MORRISON – Two men convicted of sexual crimes against children now face more criminal charges after being caught coaching youth sports, Whiteside County deputies say.
Philip J. Plattenberger, 39, of Mount Carroll, a former teacher, turned himself in early Tuesday and was released with a notice to appear in court.
He is charged with unlawful presence of a sex offender within a prohibited zone, a felony punishable by 1 to 3 years in prison, and two misdemeanor counts of a child offender present at a public park.
Scott A. Eyrich, 38, of Morrison, a designated sexual predator, was arrested in late October; he, too, was charged with unlawful presence of a sex offender within a prohibited zone.
His pretrial conference is Nov. 28.
Whiteside County Sheriff’s Lt. Andy Henson said police received an anonymous tip in late August that Plattenberger, a registered sex offender since 2001, was coaching the Midwest Mudcats, a traveling baseball team for boys 12 and younger based in Clinton, Iowa.
According to the criminal complaint filed Tuesday, Plattenberger “coached or participated in coaching” the team at the Morrison Sports Complex on Sept. 16 and Oct. 21.
He pleaded guilty to indecent solicitation of a child in Carroll County in 2001 and was sentenced to 2 years of probation and 60 days in jail.
Plattenberger, then 27, was an assistant coach and physical education teacher at Eastland High School in Lanark when he began corresponding online with and seeking sex from a 16-year-old girl. He met her at the school after a basketball game, took her into a locked room and kissed her, court records show.
His teaching license has since been revoked.
A few days after receiving the tip about Plattenberger, the sheriff’s department was contacted by the Illinois Attorney General’s Office, which had received a tipline call about Eyrich.
According to court documents, Eyrich coached children ages 6 to 8 for the Northern Illinois Youth Tackle Football team in Fulton. He was with the team at the River Bend Middle School on Aug. 13, the documents said.
Eyrich was convicted of attempted criminal sexual assault by force in Michigan when he was 30. The child was 7.

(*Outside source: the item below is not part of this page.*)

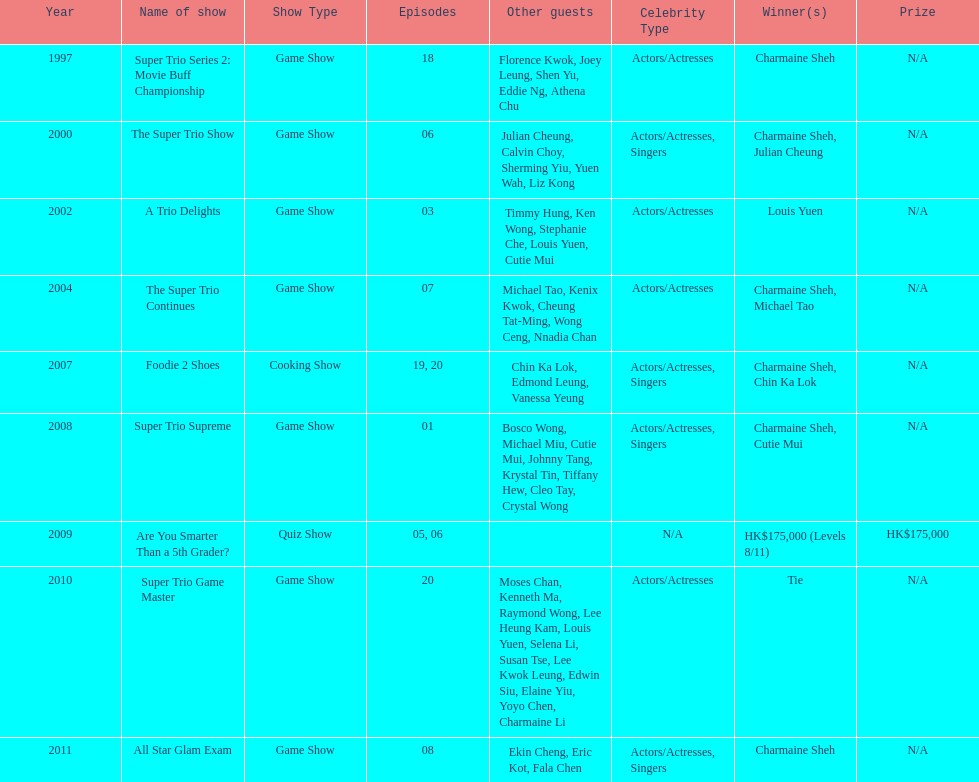How long has it been since chermaine sheh first appeared on a variety show? 17 years.

Sex offenders must register with the Illinois Sex Offender registry anywhere from 10 years to life.
Eyrich was deemed a sexual predator and must register for life. Plattenberger was required to register for 10 years, and so was taken off the registry in 2011, but still must adhere to laws pertaining to child sex offenders.
That means neither man can live within 500 feet of a school or playground, can have unsupervised access to or custody of a child or be in a public park or any building or property within a park.
Henson did not know how long the men had been coaching. Calls to the Mudcats and the youth tackle group were not returned Tuesday.
Both organizations cooperated with the investigation, Henson said.
Schools are required to do background checks on all employees; private organizations are not. Henson encourages such groups to access the sex offender registry to keep up to date on offenders in the area.
“It’s about safety for the children,” he said. “It’s sad we have to think about this.”